Questa dimensione del sogno-sonno confuso, del velo sensuale che riveste il concreto e lo rende irrimediabilmente lontano dalla pervasiva fluvialità amorosa di Penna – la cui consapevolezza ricade per intero sul soggetto lirico – rappresenta uno dei due poli entro i quali si contiene lo psicogramma a suo tempo individuato da Pasolini. Il carattere “ipnotico” o per certi versi “afrodisiaco” della poesia penniana, come ebbe a definirla Montale, è direttamente consequenziale all’ipnosi dell’esperienza; letteratura e vita si pongono su uno stesso piano, ma contrariamente agli ermetici, è sempre il secondo termine a trascinare e corrodere il primo. Alieno da una condizione di letterarietà, il dettato penniano si svolgerà senza aperte soluzioni di continuità fra il vissuto e la pagina scritta, ma con il viatico di alcune, fondamentali mediazioni che appartengono ormai alla storia di una formazione autodidatta ed eterogenea, con visibili ascendenze europee, tutt’altro che indagata. Con ciò si considerino i diversi livelli dell’intertestualità penniana, dal calco alla citazione, alla riscrittura all’imitazione, al fondo di un’assimilazione e di una proteiforme identificazione, che allo stesso modo compongono un Bildungsroman solo parzialmente registrato nei diari e negli appunti in prosa inediti.

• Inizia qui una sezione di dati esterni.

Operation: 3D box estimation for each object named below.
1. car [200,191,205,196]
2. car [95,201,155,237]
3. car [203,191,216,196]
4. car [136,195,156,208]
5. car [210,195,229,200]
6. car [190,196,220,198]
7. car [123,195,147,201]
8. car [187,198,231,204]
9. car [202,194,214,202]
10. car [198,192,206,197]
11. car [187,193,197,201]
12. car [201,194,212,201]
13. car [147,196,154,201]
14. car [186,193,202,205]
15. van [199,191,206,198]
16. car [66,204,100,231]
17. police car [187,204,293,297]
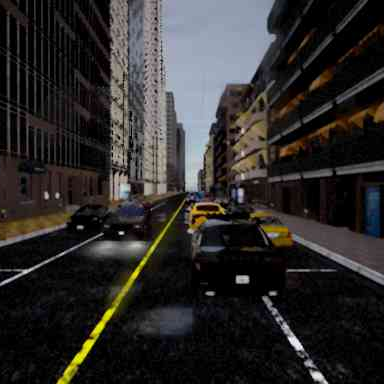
[{"bbox_3d":[2.749,0.850,52.930,2.192,1.841,5.009,0,0,0],"label":"car"},{"bbox_3d":[-3.083,1.390,17.182,2.033,1.411,5.357,0,1,0],"label":"car"},{"bbox_3d":[2.736,1.071,41.634,1.967,1.590,4.097,0,0,0],"label":"car"},{"bbox_3d":[-5.644,1.157,41.474,1.752,1.417,4.829,0,0,0],"label":"car"},{"bbox_3d":[2.724,1.278,30.339,2.008,1.369,4.403,0,0,0],"label":"car"},{"bbox_3d":[0.926,1.284,24.458,1.837,1.490,4.892,0,1,0],"label":"car"},{"bbox_3d":[-5.656,1.278,30.347,2.008,1.369,4.403,0,1,0],"label":"car"},{"bbox_3d":[0.808,1.310,18.459,1.882,1.535,5.008,0,1,0],"label":"car"},{"bbox_3d":[2.755,1.069,58.581,1.802,1.307,4.206,0,0,0],"label":"car"},{"bbox_3d":[2.792,0.780,92.471,1.947,1.339,4.313,0,0,0],"label":"car"},{"bbox_3d":[0.071,0.919,63.994,1.882,1.535,5.008,0,0,0],"label":"car"},{"bbox_3d":[2.761,1.021,64.229,1.802,1.307,4.206,0,0,0],"label":"car"},{"bbox_3d":[-5.651,1.119,35.996,1.967,1.590,4.097,0,0,0],"label":"car"},{"bbox_3d":[0.087,1.185,47.130,1.895,1.301,4.718,0,0,1],"label":"car"},{"bbox_3d":[2.785,0.599,86.820,1.690,1.788,3.998,0,0,0],"label":"van"},{"bbox_3d":[-5.669,1.392,19.051,1.947,1.339,4.313,0,1,0],"label":"car"},{"bbox_3d":[0.910,1.346,8.567,1.930,1.638,5.238,0,1,0],"label":"police car"}]
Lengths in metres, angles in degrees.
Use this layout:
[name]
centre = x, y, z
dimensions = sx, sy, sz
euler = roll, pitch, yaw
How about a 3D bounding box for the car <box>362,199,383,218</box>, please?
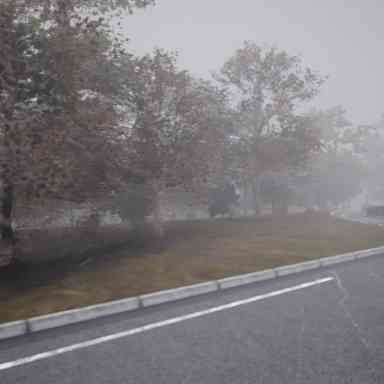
[car]
centre = 16.082, 1.408, 29.157
dimensions = 1.882, 1.535, 5.008
euler = -1, 0, 23
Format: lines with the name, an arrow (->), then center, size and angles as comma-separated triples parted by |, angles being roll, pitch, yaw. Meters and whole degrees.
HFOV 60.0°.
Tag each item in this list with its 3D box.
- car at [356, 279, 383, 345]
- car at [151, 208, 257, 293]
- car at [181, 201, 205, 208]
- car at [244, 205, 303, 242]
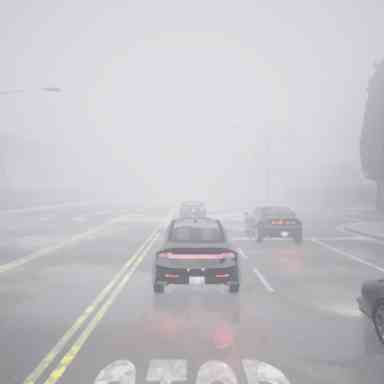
car -> 3.595, 1.515, 2.954 | 2.033, 1.411, 5.357 | 0, 1, 0
car -> 0.089, 1.401, 8.583 | 2.128, 1.511, 4.902 | 0, 1, 0
car -> 0.064, 1.329, 26.257 | 1.895, 1.301, 4.718 | 0, 1, 0
car -> 3.579, 1.346, 15.280 | 1.837, 1.490, 4.892 | 0, 1, 0

La letteratura è, per il giovane Penna, l’occasione per ampliare e chiarire i confini di un modello antropologico, entro il quale il suo vitalismo sensuale possa infine riconoscersi alla stregua di un percorso espressivo-conoscitivo; la letteratura (in particolare quella che si snoda dal romanticismo tedesco e inglese al tardo simbolismo francese) si fa strumento di nominazione e agnizione del presente. Se il mondo dei fanciulli e la sua poesia sono tutt’uno, l’eros penniano si diffonde sia da una dimensione empirica che dalla letteratura che lo individua. L’ascendenza culturale ha quindi indirizzato – e altresì cristallizzato – l’originario, indifferenziato moto platonico di eros e armonia, di laica comunione con l’Essere (che il poeta mutua dal sostrato della spiritualità umbra) verso una pulsione di incessante placabile solo nell’attimo – brevissimo ma non irripetibile – di una rivelazione epifanica, che si accompagna all’apparizione del dio-fanciullo. Quel che ancora una volta si rende visibile, però, è l’ineluttabilità del desiderio: “Sole senz’ombra su virili corpi/abbandonati. Tace ogni virtù. Lenta l’anima affonda – con il mare – / Entro un lucente sonno. D’improvviso balzano – giovani isolotti – i sensi./ Ma il peccato non esiste più.”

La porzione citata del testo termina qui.